→ Exercise aim
The output is to match the entries below character for character.

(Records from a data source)
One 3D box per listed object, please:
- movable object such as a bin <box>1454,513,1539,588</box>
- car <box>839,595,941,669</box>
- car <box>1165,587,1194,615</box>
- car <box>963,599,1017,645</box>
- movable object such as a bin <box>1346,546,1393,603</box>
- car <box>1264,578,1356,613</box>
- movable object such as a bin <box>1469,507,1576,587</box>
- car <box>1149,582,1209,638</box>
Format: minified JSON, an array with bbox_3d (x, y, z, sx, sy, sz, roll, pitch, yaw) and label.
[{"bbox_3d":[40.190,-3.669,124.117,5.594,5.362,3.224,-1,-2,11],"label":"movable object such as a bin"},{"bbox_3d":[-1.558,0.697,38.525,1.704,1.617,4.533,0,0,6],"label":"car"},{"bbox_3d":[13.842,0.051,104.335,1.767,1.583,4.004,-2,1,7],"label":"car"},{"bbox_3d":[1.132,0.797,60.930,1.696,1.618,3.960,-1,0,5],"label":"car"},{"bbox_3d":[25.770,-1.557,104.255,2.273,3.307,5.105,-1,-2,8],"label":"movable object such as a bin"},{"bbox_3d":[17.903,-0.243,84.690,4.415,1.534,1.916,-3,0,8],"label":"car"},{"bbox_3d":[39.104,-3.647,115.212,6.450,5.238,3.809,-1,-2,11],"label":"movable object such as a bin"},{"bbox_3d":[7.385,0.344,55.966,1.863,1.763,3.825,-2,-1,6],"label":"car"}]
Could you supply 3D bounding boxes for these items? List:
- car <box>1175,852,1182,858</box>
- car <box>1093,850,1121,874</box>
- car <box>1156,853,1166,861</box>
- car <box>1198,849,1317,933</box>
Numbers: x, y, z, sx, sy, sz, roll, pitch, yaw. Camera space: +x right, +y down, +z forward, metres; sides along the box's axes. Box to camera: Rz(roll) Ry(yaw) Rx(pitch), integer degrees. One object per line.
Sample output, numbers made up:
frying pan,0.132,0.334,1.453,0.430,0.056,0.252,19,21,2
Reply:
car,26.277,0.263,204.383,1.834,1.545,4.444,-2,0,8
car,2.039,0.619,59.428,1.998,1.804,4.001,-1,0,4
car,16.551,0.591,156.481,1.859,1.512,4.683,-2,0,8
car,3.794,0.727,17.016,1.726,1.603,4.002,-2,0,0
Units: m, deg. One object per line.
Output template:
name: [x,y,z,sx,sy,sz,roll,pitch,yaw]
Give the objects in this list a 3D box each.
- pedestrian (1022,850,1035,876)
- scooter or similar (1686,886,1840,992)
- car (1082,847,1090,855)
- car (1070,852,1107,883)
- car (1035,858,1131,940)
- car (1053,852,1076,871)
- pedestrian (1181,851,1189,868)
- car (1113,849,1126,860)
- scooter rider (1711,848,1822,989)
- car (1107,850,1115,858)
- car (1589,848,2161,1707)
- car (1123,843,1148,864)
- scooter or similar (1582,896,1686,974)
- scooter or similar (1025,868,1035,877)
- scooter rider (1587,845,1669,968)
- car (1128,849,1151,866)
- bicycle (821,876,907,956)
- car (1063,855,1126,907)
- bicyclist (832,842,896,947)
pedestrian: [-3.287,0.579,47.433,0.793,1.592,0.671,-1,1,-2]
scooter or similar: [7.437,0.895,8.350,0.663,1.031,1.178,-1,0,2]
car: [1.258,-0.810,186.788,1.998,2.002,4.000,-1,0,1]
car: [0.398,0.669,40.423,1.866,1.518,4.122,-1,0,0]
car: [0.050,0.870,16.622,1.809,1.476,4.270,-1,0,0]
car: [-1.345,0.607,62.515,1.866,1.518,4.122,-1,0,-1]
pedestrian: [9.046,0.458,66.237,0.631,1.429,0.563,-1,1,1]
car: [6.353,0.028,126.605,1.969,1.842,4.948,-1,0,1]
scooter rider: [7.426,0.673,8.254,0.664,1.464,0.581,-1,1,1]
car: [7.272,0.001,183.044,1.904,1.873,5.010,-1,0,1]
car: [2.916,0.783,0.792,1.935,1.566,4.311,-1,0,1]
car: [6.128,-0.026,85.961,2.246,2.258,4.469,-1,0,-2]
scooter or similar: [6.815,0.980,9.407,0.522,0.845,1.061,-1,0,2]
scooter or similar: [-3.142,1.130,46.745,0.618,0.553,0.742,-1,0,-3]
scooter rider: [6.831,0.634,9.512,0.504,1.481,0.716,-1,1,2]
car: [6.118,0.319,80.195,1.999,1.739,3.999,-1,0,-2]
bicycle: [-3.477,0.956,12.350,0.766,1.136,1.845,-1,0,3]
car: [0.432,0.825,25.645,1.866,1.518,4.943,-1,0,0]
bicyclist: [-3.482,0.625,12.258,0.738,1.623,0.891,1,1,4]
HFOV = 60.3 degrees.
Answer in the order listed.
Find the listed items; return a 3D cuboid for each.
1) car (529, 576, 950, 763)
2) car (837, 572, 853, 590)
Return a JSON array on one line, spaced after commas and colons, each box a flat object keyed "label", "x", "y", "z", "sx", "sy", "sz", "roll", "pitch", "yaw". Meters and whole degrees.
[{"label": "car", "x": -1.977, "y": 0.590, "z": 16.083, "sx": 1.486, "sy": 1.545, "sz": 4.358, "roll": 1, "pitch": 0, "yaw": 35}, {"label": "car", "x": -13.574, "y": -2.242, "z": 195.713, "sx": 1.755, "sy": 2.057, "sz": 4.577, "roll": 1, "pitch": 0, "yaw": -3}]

→ Response box
One 3D box per listed object, please:
- movable object such as a bin <box>1454,513,1539,588</box>
- car <box>839,595,941,669</box>
- car <box>1165,587,1194,615</box>
- car <box>963,599,1017,645</box>
- movable object such as a bin <box>1346,546,1393,603</box>
- car <box>1264,578,1356,613</box>
- movable object such as a bin <box>1469,507,1576,587</box>
- car <box>1149,582,1209,638</box>
Format: minified JSON, an array with bbox_3d (x, y, z, sx, sy, sz, roll, pitch, yaw) and label.
[{"bbox_3d":[40.190,-3.669,124.117,5.594,5.362,3.224,-1,-2,11],"label":"movable object such as a bin"},{"bbox_3d":[-1.558,0.697,38.525,1.704,1.617,4.533,0,0,6],"label":"car"},{"bbox_3d":[13.842,0.051,104.335,1.767,1.583,4.004,-2,1,7],"label":"car"},{"bbox_3d":[1.132,0.797,60.930,1.696,1.618,3.960,-1,0,5],"label":"car"},{"bbox_3d":[25.770,-1.557,104.255,2.273,3.307,5.105,-1,-2,8],"label":"movable object such as a bin"},{"bbox_3d":[17.903,-0.243,84.690,4.415,1.534,1.916,-3,0,8],"label":"car"},{"bbox_3d":[39.104,-3.647,115.212,6.450,5.238,3.809,-1,-2,11],"label":"movable object such as a bin"},{"bbox_3d":[7.385,0.344,55.966,1.863,1.763,3.825,-2,-1,6],"label":"car"}]
Could you supply 3D bounding boxes for these items? List:
- car <box>1175,852,1182,858</box>
- car <box>1093,850,1121,874</box>
- car <box>1156,853,1166,861</box>
- car <box>1198,849,1317,933</box>
Numbers: x, y, z, sx, sy, sz, roll, pitch, yaw. Camera space: +x right, +y down, +z forward, metres; sides along the box's axes. Box to camera: Rz(roll) Ry(yaw) Rx(pitch), integer degrees. One object per line.
Sample output, numbers made up:
frying pan,0.132,0.334,1.453,0.430,0.056,0.252,19,21,2
Reply:
car,26.277,0.263,204.383,1.834,1.545,4.444,-2,0,8
car,2.039,0.619,59.428,1.998,1.804,4.001,-1,0,4
car,16.551,0.591,156.481,1.859,1.512,4.683,-2,0,8
car,3.794,0.727,17.016,1.726,1.603,4.002,-2,0,0
Units: m, deg. One object per line.
Output template:
name: [x,y,z,sx,sy,sz,roll,pitch,yaw]
Give the objects in this list a 3D box each.
- pedestrian (1022,850,1035,876)
- scooter or similar (1686,886,1840,992)
- car (1082,847,1090,855)
- car (1070,852,1107,883)
- car (1035,858,1131,940)
- car (1053,852,1076,871)
- pedestrian (1181,851,1189,868)
- car (1113,849,1126,860)
- scooter rider (1711,848,1822,989)
- car (1107,850,1115,858)
- car (1589,848,2161,1707)
- car (1123,843,1148,864)
- scooter or similar (1582,896,1686,974)
- scooter or similar (1025,868,1035,877)
- scooter rider (1587,845,1669,968)
- car (1128,849,1151,866)
- bicycle (821,876,907,956)
- car (1063,855,1126,907)
- bicyclist (832,842,896,947)
pedestrian: [-3.287,0.579,47.433,0.793,1.592,0.671,-1,1,-2]
scooter or similar: [7.437,0.895,8.350,0.663,1.031,1.178,-1,0,2]
car: [1.258,-0.810,186.788,1.998,2.002,4.000,-1,0,1]
car: [0.398,0.669,40.423,1.866,1.518,4.122,-1,0,0]
car: [0.050,0.870,16.622,1.809,1.476,4.270,-1,0,0]
car: [-1.345,0.607,62.515,1.866,1.518,4.122,-1,0,-1]
pedestrian: [9.046,0.458,66.237,0.631,1.429,0.563,-1,1,1]
car: [6.353,0.028,126.605,1.969,1.842,4.948,-1,0,1]
scooter rider: [7.426,0.673,8.254,0.664,1.464,0.581,-1,1,1]
car: [7.272,0.001,183.044,1.904,1.873,5.010,-1,0,1]
car: [2.916,0.783,0.792,1.935,1.566,4.311,-1,0,1]
car: [6.128,-0.026,85.961,2.246,2.258,4.469,-1,0,-2]
scooter or similar: [6.815,0.980,9.407,0.522,0.845,1.061,-1,0,2]
scooter or similar: [-3.142,1.130,46.745,0.618,0.553,0.742,-1,0,-3]
scooter rider: [6.831,0.634,9.512,0.504,1.481,0.716,-1,1,2]
car: [6.118,0.319,80.195,1.999,1.739,3.999,-1,0,-2]
bicycle: [-3.477,0.956,12.350,0.766,1.136,1.845,-1,0,3]
car: [0.432,0.825,25.645,1.866,1.518,4.943,-1,0,0]
bicyclist: [-3.482,0.625,12.258,0.738,1.623,0.891,1,1,4]
HFOV = 60.3 degrees.
Answer in the order listed.
Find the listed items; return a 3D cuboid for each.
1) car (529, 576, 950, 763)
2) car (837, 572, 853, 590)
Return a JSON array on one line, spaced after commas and colons, each box a flat object keyed "label", "x", "y", "z", "sx", "sy", "sz", "roll", "pitch", "yaw". Meters and whole degrees.
[{"label": "car", "x": -1.977, "y": 0.590, "z": 16.083, "sx": 1.486, "sy": 1.545, "sz": 4.358, "roll": 1, "pitch": 0, "yaw": 35}, {"label": "car", "x": -13.574, "y": -2.242, "z": 195.713, "sx": 1.755, "sy": 2.057, "sz": 4.577, "roll": 1, "pitch": 0, "yaw": -3}]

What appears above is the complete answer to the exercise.